Posté par atempodiblog le 31 octobre 2013

TUTTI I SANTI/DEFUNTI
Tra terra e cielo il senso della vita
Queste due giornate aiutano a comprendere quando un’esistenza umana può dirsi realizzata; i parametri umani di ricchezza, carriera, successo appaiono totalmente insufficienti. La realizzazione sta altrove, perché la persona umana è fatta per dare concretezza a Dio: mani, cuore, intelligenza tutto può servire per permettere a Dio di incarnarsi ancora e servire i suoi figli
di Marco Doldi – Agenzia SIR

Tra terra e cielo il senso della vita dans Festa dei Santi e commemorazione dei fedeli defunti o73jLa festa di Tutti I Santi e quella della Commemorazione dei Fedeli Defunti conducono a riflettere sul duplice orizzonte dell’umanità, che viene espresso con le semplici parole “terra” e “cielo”. La prima rappresenta il cammino storico dell’uomo e della creazione, la seconda, il cielo, l’eternità e la pienezza della vita in Dio. La Chiesa è in cammino nel tempo, ma nello stesso tempo, celebra già la festa senza fine nella Gerusalemme celeste, dove vivono in eterno coloro che sono salvi. Di molti di questi si conosce il nome, perché la Chiesa stessa li propone come modelli ed amici; accanto a loro sono posti, nella speranza, quei fedeli che sono morti in pace con Dio e per i quali si prega in modo particolare nelle chiese o nei cimiteri.

La fede nella vita eterna deve essere, però, completata dalla verità della risurrezione dei corpi. Su questo punto oggi è venuta meno in molti la convinzione. L’uso, ad esempio, di cremare i corpi e di disperdere le ceneri, quasi come un congiungimento con la madre natura non esprime forse il contrario? La fede cristiana ha sempre invitato a conservare con rispetto il corpo, che pure va disfacendosi, esprimendo con questo gesto la convinzione che un giorno Dio, il Creatore, donerà nuovamente la vita. Anche se divenuto cenere, un corpo umano ha pur sempre un’altissima dignità, superiore a quella degli animali o delle piante, perché è stato abitato dall’anima immortale, perché attraverso esso la persona si è manifestata e realizzata, perché un giorno parteciperà della resurrezione di Cristo. Sì come Cristo è risorto dai morti nel suo vero corpo, così ogni uomo e ogni donna lo faranno per la grazia di Dio.

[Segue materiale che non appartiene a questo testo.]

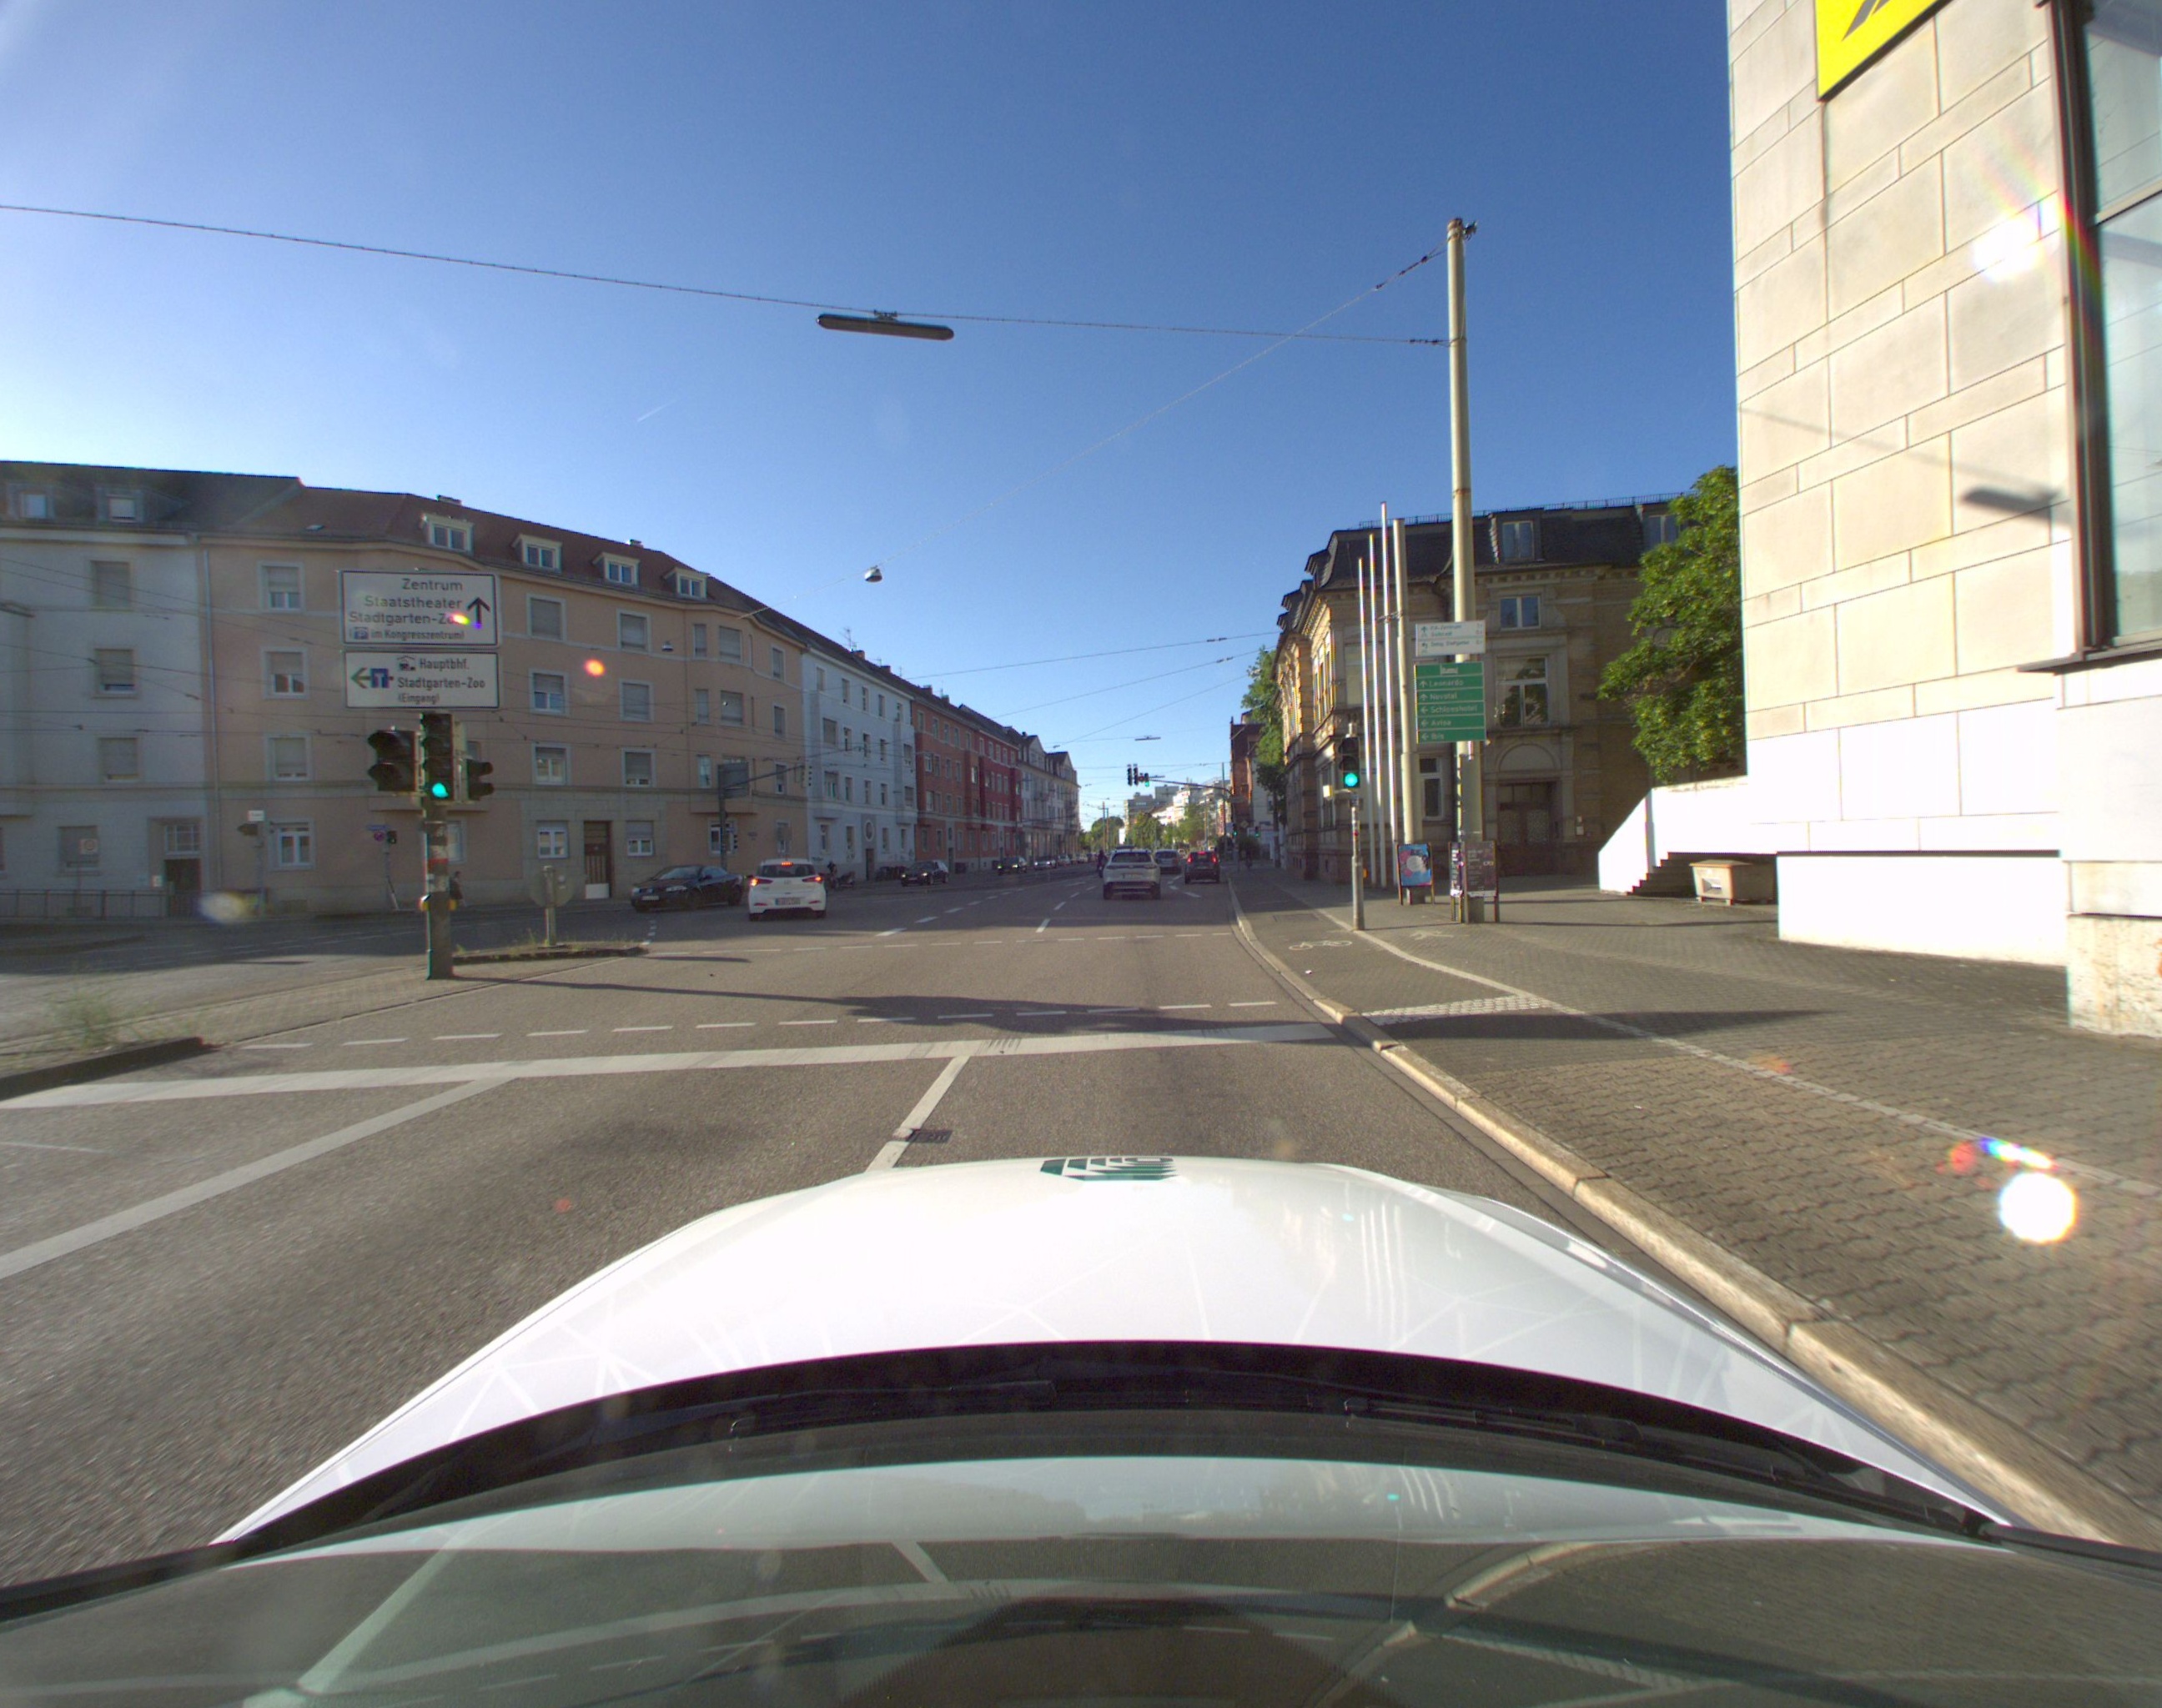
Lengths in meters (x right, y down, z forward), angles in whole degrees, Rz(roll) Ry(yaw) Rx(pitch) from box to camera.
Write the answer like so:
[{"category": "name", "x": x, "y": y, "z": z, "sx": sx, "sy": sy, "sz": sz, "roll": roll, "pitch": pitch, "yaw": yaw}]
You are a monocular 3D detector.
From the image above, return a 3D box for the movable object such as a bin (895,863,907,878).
[{"category": "movable object such as a bin", "x": -13.992, "y": 1.276, "z": 63.289, "sx": 0.698, "sy": 1.106, "sz": 0.584, "roll": -2, "pitch": 0, "yaw": 9}]

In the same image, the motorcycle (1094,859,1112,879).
[{"category": "motorcycle", "x": 1.322, "y": 0.891, "z": 48.639, "sx": 0.772, "sy": 1.082, "sz": 2.287, "roll": -2, "pitch": 0, "yaw": 10}]

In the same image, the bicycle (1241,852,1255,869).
[{"category": "bicycle", "x": 10.933, "y": 0.401, "z": 53.349, "sx": 0.766, "sy": 1.086, "sz": 1.875, "roll": -2, "pitch": 0, "yaw": 8}]

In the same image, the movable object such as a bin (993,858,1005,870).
[{"category": "movable object such as a bin", "x": -9.160, "y": 1.104, "z": 91.025, "sx": 0.864, "sy": 1.249, "sz": 1.238, "roll": -2, "pitch": 0, "yaw": 16}]

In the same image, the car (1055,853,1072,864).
[{"category": "car", "x": -2.449, "y": 0.595, "z": 115.525, "sx": 1.709, "sy": 1.452, "sz": 4.011, "roll": -2, "pitch": 0, "yaw": 10}]

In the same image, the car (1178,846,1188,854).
[{"category": "car", "x": 23.134, "y": -0.946, "z": 184.227, "sx": 1.982, "sy": 1.662, "sz": 4.508, "roll": -2, "pitch": 0, "yaw": 8}]

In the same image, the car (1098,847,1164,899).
[{"category": "car", "x": 1.634, "y": 0.557, "z": 26.482, "sx": 1.939, "sy": 1.528, "sz": 4.094, "roll": -1, "pitch": 0, "yaw": 4}]

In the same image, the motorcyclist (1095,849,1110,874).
[{"category": "motorcyclist", "x": 1.287, "y": 0.436, "z": 48.503, "sx": 0.772, "sy": 1.423, "sz": 0.893, "roll": -2, "pitch": 0, "yaw": 9}]

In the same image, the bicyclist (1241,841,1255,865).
[{"category": "bicyclist", "x": 10.926, "y": -0.071, "z": 53.365, "sx": 0.828, "sy": 1.525, "sz": 0.998, "roll": -2, "pitch": 0, "yaw": 14}]

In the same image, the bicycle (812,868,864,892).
[{"category": "bicycle", "x": -12.547, "y": 1.338, "z": 42.234, "sx": 0.927, "sy": 1.056, "sz": 3.367, "roll": -2, "pitch": 0, "yaw": 14}]

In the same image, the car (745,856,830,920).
[{"category": "car", "x": -7.411, "y": 0.784, "z": 20.524, "sx": 1.793, "sy": 1.394, "sz": 4.077, "roll": -2, "pitch": 0, "yaw": -21}]

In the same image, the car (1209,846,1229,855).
[{"category": "car", "x": 32.434, "y": -0.855, "z": 191.769, "sx": 4.244, "sy": 2.013, "sz": 2.000, "roll": -2, "pitch": 0, "yaw": 0}]

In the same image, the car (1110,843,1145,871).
[{"category": "car", "x": 3.613, "y": 0.203, "z": 62.470, "sx": 2.159, "sy": 2.009, "sz": 4.821, "roll": -2, "pitch": 0, "yaw": 9}]

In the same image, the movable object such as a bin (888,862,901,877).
[{"category": "movable object such as a bin", "x": -14.211, "y": 1.157, "z": 61.985, "sx": 0.698, "sy": 1.106, "sz": 0.650, "roll": -2, "pitch": 0, "yaw": 9}]

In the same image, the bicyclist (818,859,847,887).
[{"category": "bicyclist", "x": -12.698, "y": 0.951, "z": 41.688, "sx": 0.927, "sy": 1.382, "sz": 1.152, "roll": -2, "pitch": 0, "yaw": 14}]

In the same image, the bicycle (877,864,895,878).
[{"category": "bicycle", "x": -14.484, "y": 1.267, "z": 60.485, "sx": 0.602, "sy": 0.980, "sz": 1.882, "roll": -1, "pitch": 0, "yaw": 9}]

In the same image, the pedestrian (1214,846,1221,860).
[{"category": "pedestrian", "x": 16.979, "y": -0.130, "z": 101.359, "sx": 0.870, "sy": 1.824, "sz": 1.188, "roll": -2, "pitch": 0, "yaw": 11}]

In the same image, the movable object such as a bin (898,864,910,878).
[{"category": "movable object such as a bin", "x": -13.894, "y": 1.315, "z": 63.954, "sx": 0.698, "sy": 1.106, "sz": 0.584, "roll": -2, "pitch": 0, "yaw": 9}]

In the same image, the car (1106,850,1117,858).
[{"category": "car", "x": 6.513, "y": -0.009, "z": 172.766, "sx": 1.709, "sy": 1.552, "sz": 4.011, "roll": -2, "pitch": 0, "yaw": 10}]

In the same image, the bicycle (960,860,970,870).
[{"category": "bicycle", "x": -11.275, "y": 1.059, "z": 78.923, "sx": 0.332, "sy": 0.890, "sz": 1.610, "roll": -2, "pitch": 0, "yaw": 14}]

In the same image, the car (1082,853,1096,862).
[{"category": "car", "x": 1.404, "y": 0.574, "z": 137.189, "sx": 1.709, "sy": 1.552, "sz": 4.011, "roll": -2, "pitch": 0, "yaw": 10}]

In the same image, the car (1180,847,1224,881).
[{"category": "car", "x": 5.745, "y": 0.430, "z": 38.346, "sx": 1.719, "sy": 1.500, "sz": 4.014, "roll": -1, "pitch": 0, "yaw": 13}]

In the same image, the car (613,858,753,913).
[{"category": "car", "x": -11.998, "y": 0.898, "z": 24.904, "sx": 1.815, "sy": 1.425, "sz": 4.334, "roll": -2, "pitch": 0, "yaw": 5}]

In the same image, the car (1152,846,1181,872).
[{"category": "car", "x": 5.848, "y": 0.318, "z": 55.142, "sx": 1.804, "sy": 1.582, "sz": 4.008, "roll": -2, "pitch": 0, "yaw": 7}]

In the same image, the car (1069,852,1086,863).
[{"category": "car", "x": -0.545, "y": 0.477, "z": 127.128, "sx": 1.824, "sy": 1.552, "sz": 4.286, "roll": -2, "pitch": 0, "yaw": 10}]

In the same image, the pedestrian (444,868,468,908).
[{"category": "pedestrian", "x": -25.647, "y": 1.391, "z": 33.395, "sx": 0.724, "sy": 1.563, "sz": 0.669, "roll": -2, "pitch": 0, "yaw": -40}]

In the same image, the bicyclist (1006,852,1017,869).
[{"category": "bicyclist", "x": -6.860, "y": 0.632, "z": 80.328, "sx": 0.742, "sy": 1.643, "sz": 1.129, "roll": -2, "pitch": 0, "yaw": 10}]

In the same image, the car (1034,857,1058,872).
[{"category": "car", "x": -3.468, "y": 1.037, "z": 81.726, "sx": 1.716, "sy": 1.375, "sz": 3.543, "roll": -2, "pitch": 0, "yaw": 8}]

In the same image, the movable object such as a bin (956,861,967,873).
[{"category": "movable object such as a bin", "x": -11.397, "y": 1.237, "z": 77.654, "sx": 0.839, "sy": 1.040, "sz": 0.813, "roll": -2, "pitch": 0, "yaw": 5}]

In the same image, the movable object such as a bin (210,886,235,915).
[{"category": "movable object such as a bin", "x": -32.887, "y": 1.785, "z": 31.207, "sx": 0.449, "sy": 1.065, "sz": 0.480, "roll": -2, "pitch": 0, "yaw": -12}]

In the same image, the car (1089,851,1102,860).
[{"category": "car", "x": 2.546, "y": 0.216, "z": 143.311, "sx": 1.709, "sy": 1.552, "sz": 4.011, "roll": -2, "pitch": 0, "yaw": 10}]

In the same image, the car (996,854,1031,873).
[{"category": "car", "x": -5.700, "y": 0.779, "z": 69.052, "sx": 1.911, "sy": 1.455, "sz": 4.510, "roll": -2, "pitch": 0, "yaw": 9}]

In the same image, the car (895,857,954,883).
[{"category": "car", "x": -9.111, "y": 0.897, "z": 47.873, "sx": 1.982, "sy": 1.392, "sz": 4.572, "roll": -2, "pitch": 0, "yaw": 8}]

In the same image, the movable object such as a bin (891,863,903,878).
[{"category": "movable object such as a bin", "x": -14.129, "y": 1.293, "z": 62.652, "sx": 0.698, "sy": 1.106, "sz": 0.584, "roll": -2, "pitch": 0, "yaw": 10}]

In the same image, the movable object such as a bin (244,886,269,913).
[{"category": "movable object such as a bin", "x": -31.850, "y": 1.752, "z": 31.470, "sx": 0.449, "sy": 1.032, "sz": 0.480, "roll": -2, "pitch": 0, "yaw": -12}]

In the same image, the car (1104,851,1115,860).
[{"category": "car", "x": 5.911, "y": 0.299, "z": 166.758, "sx": 1.709, "sy": 1.552, "sz": 4.011, "roll": -2, "pitch": 0, "yaw": 10}]
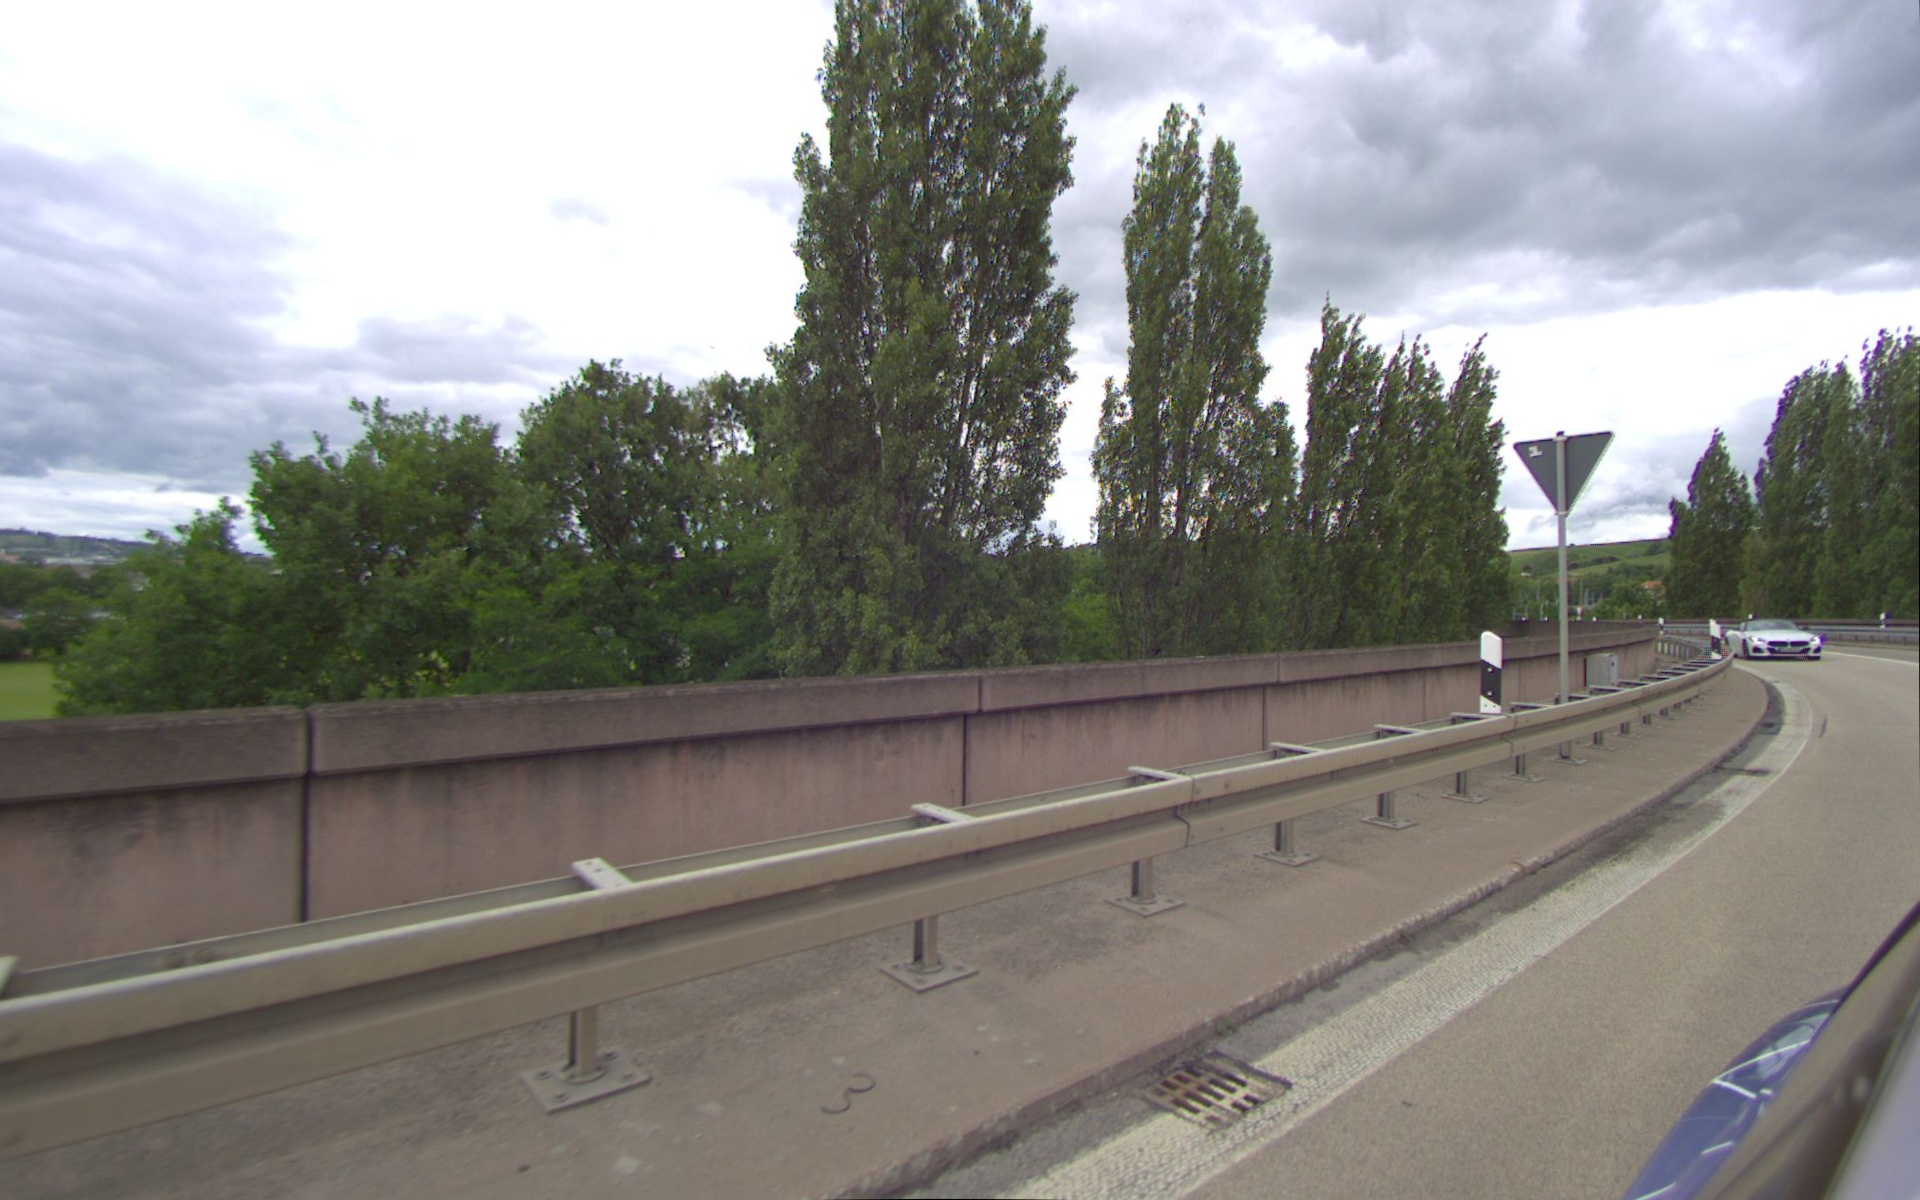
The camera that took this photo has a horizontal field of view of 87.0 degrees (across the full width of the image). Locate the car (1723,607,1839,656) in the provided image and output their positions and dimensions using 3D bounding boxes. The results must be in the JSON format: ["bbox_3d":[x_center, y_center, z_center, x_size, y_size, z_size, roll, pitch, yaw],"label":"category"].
[{"bbox_3d":[26.283,0.951,32.579,1.845,1.361,4.781,0,1,26],"label":"car"}]

Le due giornate – la prima addirittura è solennità – conducono a pensare con insistenza alla condizione storica dell’uomo, tante volte descritta come quella di un pellegrino in cammino verso la Citta dalle solida fondamenta. In questo viaggio nessuno è solo, come attesta la verità della comunione dei santi. Nel battesimo ciascuno è stato inserito come membro vivo nel Corpo mistico di Cristo, che è la Chiesa. È unito a tanti fratelli e a tante sorelle che quaggiù vivono beatitudini del vangelo ed è unito a tutti coloro, che sono già accanto al Padre. Essere cristiani, far parte della Chiesa, significa aprirsi a questa comunione, che abbraccia terra e cielo. In questa comunione tutti ricevono e, soprattutto, danno qualcosa nell’ordine della grazia: i santi intercedono per coloro che camminano quaggiù e questi ultimi con la preghiera, la penitenza e la carità aiutano chi si sta preparando all’abbraccio definitivo con il Padre.

Ancora, queste due giornate aiutano a comprendere quando un’esistenza umana può dirsi realizzata; i parametri umani di ricchezza, carriera, successo appaiono totalmente insufficienti. La realizzazione sta altrove, perché la persona umana è fatta per dare concretezza a Dio: mani, cuore, intelligenza tutto può servire per permettere a Dio di incarnarsi ancora e servire i suoi figli. La persona diviene così uno strumento libero affinché Dio possa agire ancora nella storia. E un solo gesto di carità ha il senso di una vita realizzata. La carità è l’altro nome della santità. “Ogni cristiano – ha recentemente ricordato Papa Francesco – è chiamato alla santità e la santità non consiste anzitutto nel fare cose straordinarie, ma nel lasciare agire Dio” (Udienza, 2/10/13). La santità è l’incontro tra la debolezza dell’uomo e la forza della grazia di Dio, è avere fiducia nella sua azione, che permette di fare tutto con gioia ed umiltà per la gloria di Dio e nel servizio del prossimo.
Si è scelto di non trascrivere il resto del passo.